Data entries
◇ ◇ ◇ ◇ ◇ ◇ ◇

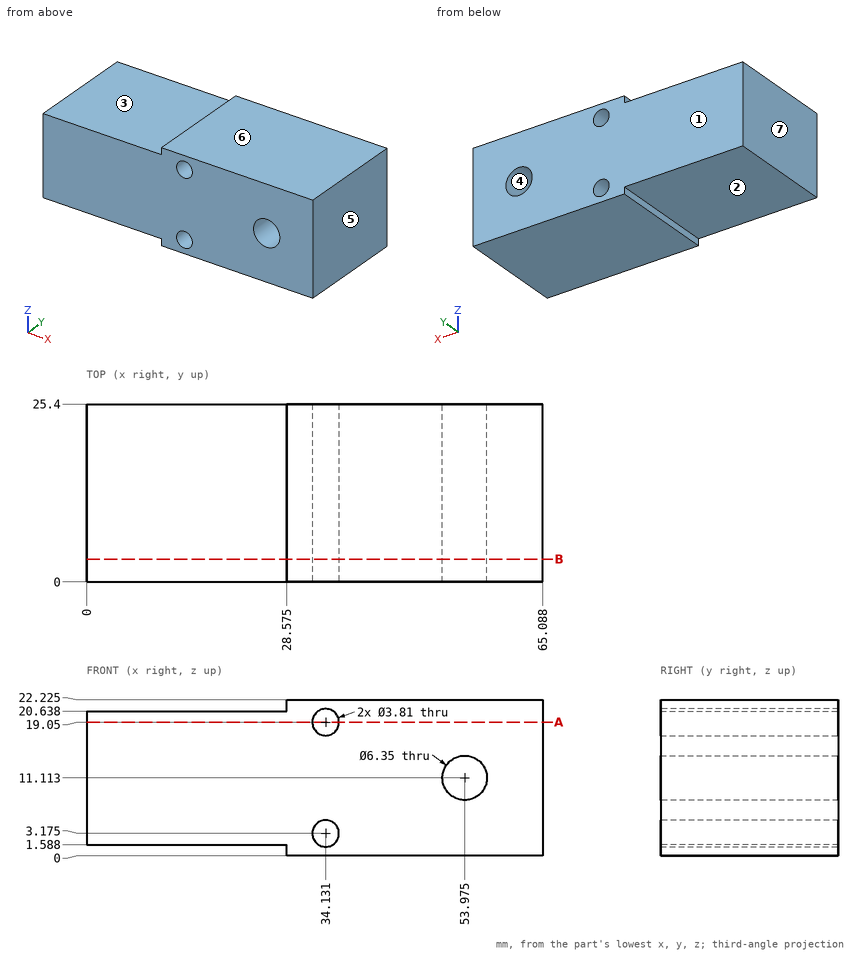
Geometry: see drawing. Coordinates: mm, zero at the bounding-box minimum. A direction names the side the tool comes from. Coordinates: 2 decimals unless noted, no trailing zeros. Loops run counter-clockwise (first coordinate to the right, second up) from the corner with the lowest first, then second, coordinate; pieces in that order, holes last. Notation, with made-up numbers: (83.5, 60.25) -> (112.5, 60.25) arc R30 cw to (112.5, 96.25) -> close; hole circle Ø6 at (88.5, -2). An arc over 180 degrees is marked (long way). Use a Markdown table: item, result.
1) Material intervals for line 1 along X through (y, z) = (15, 3) (1 decimal); line 2 along Z through (x, y) = (28.5, 23); line 3 along X through (y, z) = (4, 10), sorted ascending. Write a range as from..to.
Results found:
| item | result |
|---|---|
| line 1 | x = 0..32.2, 36..65.1 |
| line 2 | z = 1.59..20.64 |
| line 3 | x = 0..51, 56.95..65.09 |
2) Cut plane A-A (z = 19.05). Return the cut outline in (x, y).
Results found:
| item | result |
|---|---|
| outline | (0, 0) -> (32.23, 0) -> (32.23, 25.4) -> (0, 25.4) -> close; (36.04, 0) -> (65.09, 0) -> (65.09, 25.4) -> (36.04, 25.4) -> close |
3) Pull-direction query (X, two-part tool) for the marked faces 4, 5, 6 and 7; classes: released by +X, released by -X, zero draft, split by the parting line, or undercut.
Results found:
| item | result |
|---|---|
| face 4 | undercut |
| face 5 | released by +X |
| face 6 | zero draft |
| face 7 | released by -X |
4) Access query for the marked faces 1, 2 and 3. Directions: +Z, -Z, +X, -X, +Y, -Y. A direction counts if a zero-diameter tool reaches every point of the face in a straight line with its end or side. Return the directions, or none.
Results found:
| item | result |
|---|---|
| face 1 | +Z, -Z, +X, -X, +Y |
| face 2 | -Z, -X, +Y, -Y |
| face 3 | +Z, -X, +Y, -Y |
5) Cut plane B-B (y = 3.25). Give the number of separate pieces and of enclosed holes in the cut face, then the cut area to 3 significant figures.
Results found:
| item | result |
|---|---|
| separate pieces | 1 |
| enclosed holes | 3 |
| area | 1,300 mm2 |
6) Contact query for flat-ended pins moving along their axis: pin 1 (12.5 mm diameter, centred on x = 8, y = 7, fed in from -Z); pin 2 (12 mm diameter, centred on x = 26.5, y = 2.5, fed in from +Z) (1 decimal); pin 3 (4 mm diameter, centred on x = 53.97, z = 11.11, fed in from +Y); pin 4 (4 mm diameter, centred on x = 11, y = 11.5, fed in from +Z). Output: stop coordinate, or through.
Results found:
| item | result |
|---|---|
| pin 1 | stops at z = 1.59 |
| pin 2 | stops at z = 22.2 |
| pin 3 | passes through |
| pin 4 | stops at z = 20.64 |
```python
from build123d import *

# Parameters (mm, degrees)
F0_W     = 80
F0_H     = 25
F0_R     = 2.75
F1_DEPTH = 10
F2_R     = 4
F3_R     = 2


with BuildPart() as f1:
    # F0 (on Top) → F1 (new body)
    with BuildSketch(Plane.XY):
        Rectangle(F0_W, F0_H)
        with Locations((32.5, 0)):
            Circle(F0_R, mode=Mode.SUBTRACT)
    extrude(amount=F1_DEPTH)

    # F2
    f2_edges = [f1.edges().sort_by_distance(p)[0] for p in [
        (40, -12.5, 5),
        (-40, -12.5, 5),
        (40, 12.5, 5),
        (-40, 12.5, 5),
    ]]
    fillet(f2_edges, radius=F2_R)

    # F3
    f3_edges = [f1.edges().sort_by_distance(p)[0] for p in [
        (0, -12.5, 10),
    ]]
    fillet(f3_edges, radius=F3_R)


solid = f1.part
```
Could you check a few things on this model? Use its own coordinates, in mm. Round coordinates to 2 decimals unless told otherwise and drop trailing zeros. Loops run counter-clockwise (first coordinate to the right, second up) from the corner with the lowest first, then second, coordinate; pieces in that order, holes last.
Q1. I want a section at A-A (y = 0). Write out the boundary of the cut face in (x, z).
Q2. I want a section at C-C (z = 3.75). Write out the boundary of the cut face in (x, y), and give its area (3 significant figures).
Q3. Thinking about a two-plate mould opening in X: for faces 1 (the cylindrical face through (29.753, 0.121, 4.93)), 2 (the cylindrical face through (-39.4, -0.12, 9.43)), 3 (the cylindrical face through (-0.5, 11.9, 9.43)), which applies, pulls with the +X half, pulls with the -X half, needs draft (parallel to the pull), parting line crosses it, or undercut?
Q4. I want a section at B-B (x = 32.5). Write out the boundary of the cut face in (y, z), and give its area (3 significant figures).
Q5. For P1, Ø1.5, axis at y = -9.5, z = 5, coming from the -X side, with a flat end and sliding along its axis, tell me the tip position at first contact or that it passes through.
Q6. Please list where these lines run through material, in increasing order: L1, parallel to Y at x = 32.5, z = 8.25; L2, parallel to X at y = -0.75, z = 1.75; L3, parallel to Y at x = 30, z = 0.5.
Answer below:
1. outline: (-40, 0) - (29.75, 0) - (29.75, 10) - (-38, 10) arc R2 ccw to (-40, 8) - close; (35.25, 0) - (40, 0) - (40, 8) arc R2 ccw to (38, 10) - (35.25, 10) - close
2. outline: (-40, -8.5) arc R4 ccw to (-36, -12.5) - (36, -12.5) arc R4 ccw to (40, -8.5) - (40, 8.5) arc R4 ccw to (36, 12.5) - (-36, 12.5) arc R4 ccw to (-40, 8.5) - close; hole circle Ø5.5 at (32.5, 0)
2. area: 1,960 mm2
3. face 1: undercut
3. face 2: pulls with the -X half
3. face 3: needs draft
4. outline: (-12.5, 0) - (-2.75, 0) - (-2.75, 10) - (-10.5, 10) arc R2 ccw to (-12.5, 8) - close; (2.75, 0) - (12.5, 0) - (12.5, 8) arc R2 ccw to (10.5, 10) - (2.75, 10) - close
4. area: 193 mm2
5. P1: stops at x = -39.99
6. L1: y = -12.48 to -2.75, 2.75 to 12.48
6. L2: x = -40 to 29.85, 35.15 to 40
6. L3: y = -12.5 to -1.15, 1.15 to 12.5
Read the model definition and answer for the solid it produces. Units are mm, in the model's axes. A direction names the side the tool comes from. Coordinates: 2 decimals unless noted, no trailing zeros. Loops run counter-clockwise (first coordinate to the right, second up) from the corner with the lowest first, then second, coordinate; pieces in that order, holes last.
from build123d import *

# Parameters (mm, degrees)
BOSS_EXTRUDE2_DEPTH = 6.35
SKETCH4_R           = 3.175
CUT_EXTRUDE1_DEPTH  = 12.7
CUT_EXTRUDE2_DEPTH  = 2.032


with BuildPart() as part:
    # Sketch3 → Boss-Extrude2 (new body)
    with BuildSketch(Plane(origin=(0, 0, 0), x_dir=(1, 0, 0), z_dir=(0, 1, 0))):
        with BuildLine():
            Line((-17.4625, 6.35), (17.4625, 6.35))
            ThreePointArc((17.4625, 6.35), (18.581211108, 0), (17.4625, -6.35))
            Line((17.4625, -6.35), (-17.4625, -6.35))
            ThreePointArc((-17.4625, -6.35), (-18.581211108, 0), (-17.4625, 6.35))
        make_face()
    extrude(amount=BOSS_EXTRUDE2_DEPTH)

    # Sketch4 → Cut-Extrude1 (cut)
    with BuildSketch(Plane(origin=(0, 6.35, 0), x_dir=(1, 0, 0), z_dir=(0, 1, 0))):
        with Locations((13.335, 0)):
            Circle(SKETCH4_R)
        with Locations((-13.335, 0)):
            Circle(SKETCH4_R)
    extrude(amount=-CUT_EXTRUDE1_DEPTH, mode=Mode.SUBTRACT)

    # Sketch5 → Cut-Extrude2 (cut)
    with BuildSketch(Plane.XZ):
        with BuildLine():
            Line((17.4625, 6.35), (-4.1275, 6.35))
            Line((-4.1275, 6.35), (-4.1275, -6.35))
            Line((-4.1275, -6.35), (17.4625, -6.35))
            ThreePointArc((17.4625, -6.35), (18.581211108, 0), (17.4625, 6.35))
        make_face()
    extrude(amount=-CUT_EXTRUDE2_DEPTH, mode=Mode.SUBTRACT)


solid = part.part
Item 1: Given pin 1 (1.5 mm diameter, centred on y = 1, z = 3.5, fed in from -X); pin 2 (4 mm diameter, centred on x = 10, z = -0.5, fed in from -Y); pin 3 (1 mm diameter, centred on y = 0.5, z = -2.5, fed in from +X), each flat-ended and moving along its own axis, determine where each tip first touches the part or whether it passes through.
Numbers:
pin 1: stops at x = -18.38
pin 2: stops at y = 2.03
pin 3: stops at x = -4.13
Item 2: A cutting plane is placed at D-D on z = 1.75. Determine the outline of the cut face in (x, y), then the cut area to 3 significant figures.
Numbers:
outline: (-18.5, 0) - (-15.98, 0) - (-15.98, 6.35) - (-18.5, 6.35) - close; (-10.69, 0) - (-4.13, 0) - (-4.13, 2.03) - (10.69, 2.03) - (10.69, 6.35) - (-10.69, 6.35) - close; (15.98, 2.03) - (18.5, 2.03) - (18.5, 6.35) - (15.98, 6.35) - close
area: 132 mm2
Item 3: A cutting plane is placed at A-A on z = 0. Determine the outline of the cut face in (x, y), then the cut area to 3 significant figures.
Numbers:
outline: (-18.58, 0) - (-16.51, 0) - (-16.51, 6.35) - (-18.58, 6.35) - close; (-10.16, 0) - (-4.13, 0) - (-4.13, 2.03) - (10.16, 2.03) - (10.16, 6.35) - (-10.16, 6.35) - close; (16.51, 2.03) - (18.58, 2.03) - (18.58, 6.35) - (16.51, 6.35) - close
area: 122 mm2
Item 4: A cutting plane is placed at C-C on y = 5.75. Give the number of separate pieces and of enclosed holes in the cut face, then the cut area to 3 significant figures.
Numbers:
separate pieces: 1
enclosed holes: 2
area: 399 mm2
Item 5: A cutting plane is placed at B-B on x = -14.5. Determine the outline of the cut face in (y, z), then the cut area to 3 significant figures.
Numbers:
outline: (0, -6.35) - (6.35, -6.35) - (6.35, -2.95) - (0, -2.95) - close; (0, 2.95) - (6.35, 2.95) - (6.35, 6.35) - (0, 6.35) - close
area: 43.1 mm2
Item 6: Find the intervals of material crossed by line 1 along X through (y, z) = (2.75, 1); line 2 along X through (y, z) = (2.75, -0.5); line 3 along Y through (x, z) = (8.5, -4), in increasing order.
Numbers:
line 1: x = -18.55 to -16.35, -10.32 to 10.32, 16.35 to 18.55
line 2: x = -18.57 to -16.47, -10.2 to 10.2, 16.47 to 18.57
line 3: y = 2.03 to 6.35
Item 7: Which of the six approach directions +Z, -Z, +X, -X, +Y, -Y give full straight-line access (tool end or side, diameter ignored) to faces 1 (the face through (7, 2.032, 0)), 2 (the face through (18.58, 4.16, -0.09))?
Numbers:
face 1: +Z, -Z, +X, -Y
face 2: +X, +Y, -Y
Item 8: Determine the mould class of faces 3 (the face through (-10.307, 3.219, -0.954)), 4 (the face through (10.815, 4.221, 1.932)), 5 (the face through (-4.128, 1, 0)), 6 (the face through (0, 4, 6.35)) for opening direction Z: released by +Z, released by -Z, zero draft, split by the parting line, or undercut.
Numbers:
face 3: undercut
face 4: undercut
face 5: zero draft
face 6: released by +Z
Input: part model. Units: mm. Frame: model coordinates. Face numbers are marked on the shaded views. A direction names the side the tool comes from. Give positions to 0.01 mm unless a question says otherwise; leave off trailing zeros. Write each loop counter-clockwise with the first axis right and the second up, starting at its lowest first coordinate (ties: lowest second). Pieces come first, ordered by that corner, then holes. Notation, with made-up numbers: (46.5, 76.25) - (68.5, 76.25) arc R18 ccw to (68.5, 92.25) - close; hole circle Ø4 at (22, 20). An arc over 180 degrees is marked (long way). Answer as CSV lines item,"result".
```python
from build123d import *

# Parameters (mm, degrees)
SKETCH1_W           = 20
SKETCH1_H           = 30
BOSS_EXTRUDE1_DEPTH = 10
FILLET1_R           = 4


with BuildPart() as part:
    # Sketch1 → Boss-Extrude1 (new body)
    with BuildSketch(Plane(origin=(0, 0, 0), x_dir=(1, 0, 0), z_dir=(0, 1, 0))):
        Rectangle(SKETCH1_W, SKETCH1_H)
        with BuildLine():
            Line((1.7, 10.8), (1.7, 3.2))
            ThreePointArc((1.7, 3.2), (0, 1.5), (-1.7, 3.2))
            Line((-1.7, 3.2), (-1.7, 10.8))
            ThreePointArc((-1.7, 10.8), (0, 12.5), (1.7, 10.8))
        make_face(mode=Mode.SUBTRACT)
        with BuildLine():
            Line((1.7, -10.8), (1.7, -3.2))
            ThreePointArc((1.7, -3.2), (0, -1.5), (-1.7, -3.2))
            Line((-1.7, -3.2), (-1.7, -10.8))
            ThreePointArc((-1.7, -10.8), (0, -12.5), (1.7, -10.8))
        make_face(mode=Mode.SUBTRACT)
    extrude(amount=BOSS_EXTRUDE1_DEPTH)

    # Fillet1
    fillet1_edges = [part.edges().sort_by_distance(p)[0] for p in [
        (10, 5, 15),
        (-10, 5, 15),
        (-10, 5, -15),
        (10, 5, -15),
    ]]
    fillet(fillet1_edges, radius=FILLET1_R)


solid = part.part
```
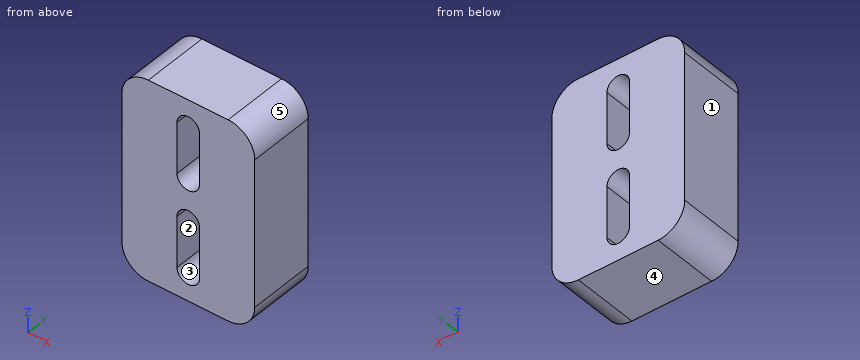
Item 1: Ray query, line 1 (X direction, y = 6.75, z = -5.5); line 2 (Z direction, x = 0.75, y = 4); line 3 (Z direction, x = 1.25, y = 6). Return the intervals inside material, ascending. Write a range as from..to.
The answers:
line 1,"-10..-1.7, 1.7..10"
line 2,"-15..-12.33, -1.67..1.67, 12.33..15"
line 3,"-15..-11.95, -2.05..2.05, 11.95..15"
Item 2: Cut plane B-B on z = 7.5. Return the cut outline in (x, y), plus the area to 3 significant figures.
The answers:
outline,"(-10, 0) - (-1.7, 0) - (-1.7, 10) - (-10, 10) - close; (1.7, 0) - (10, 0) - (10, 10) - (1.7, 10) - close"
area,"166 mm²"
Item 3: Mould query, pull axis X, two halves, no side actions, for the marked faces 3, 4 and 5. Classes: +X half, -X half, draft (parallel to the pull), parting line (faces both ways), or undercut.
The answers:
face 3,"undercut"
face 4,"draft"
face 5,"+X half"
Item 4: Contact query for a flat-ended pin moving along its axis: pin 1 (1 mm diameter, centred on x = 0, z = -5.5, fed in from +Y). Output: stop coordinate, or through.
The answers:
pin 1,"through"
Item 5: Cut plane C-C on x = 0. Return the cut outline in (y, z), plus the area to 3 significant figures.
The answers:
outline,"(0, -15) - (10, -15) - (10, -12.5) - (0, -12.5) - close; (0, -1.5) - (10, -1.5) - (10, 1.5) - (0, 1.5) - close; (0, 12.5) - (10, 12.5) - (10, 15) - (0, 15) - close"
area,"80.0 mm²"
Item 6: Cut plane A-A on y = 8.25. Return the cut outline in (x, z).
The answers:
outline,"(-10, -11) arc R4 ccw to (-6, -15) - (6, -15) arc R4 ccw to (10, -11) - (10, 11) arc R4 ccw to (6, 15) - (-6, 15) arc R4 ccw to (-10, 11) - close; hole (-1.7, -10.8) arc R1.7 ccw to (1.7, -10.8) - (1.7, -3.2) arc R1.7 ccw to (-1.7, -3.2) - close; hole (-1.7, 3.2) arc R1.7 ccw to (1.7, 3.2) - (1.7, 10.8) arc R1.7 ccw to (-1.7, 10.8) - close"
Item 7: Reachability of the marked faces 1 and 2 from +Z, -Z, +X, -X, +Y, -Y: full face, straight path, thin tool, end or side. Return the list, or none.
The answers:
face 1,"+Z, -Z, -X, +Y, -Y"
face 2,"+Y, -Y"

◇ ◇ ◇ ◇ ◇ ◇ ◇

• Problem statement: How many lines above include the word "solid"? Answer with the number alone.

• Answer space: 4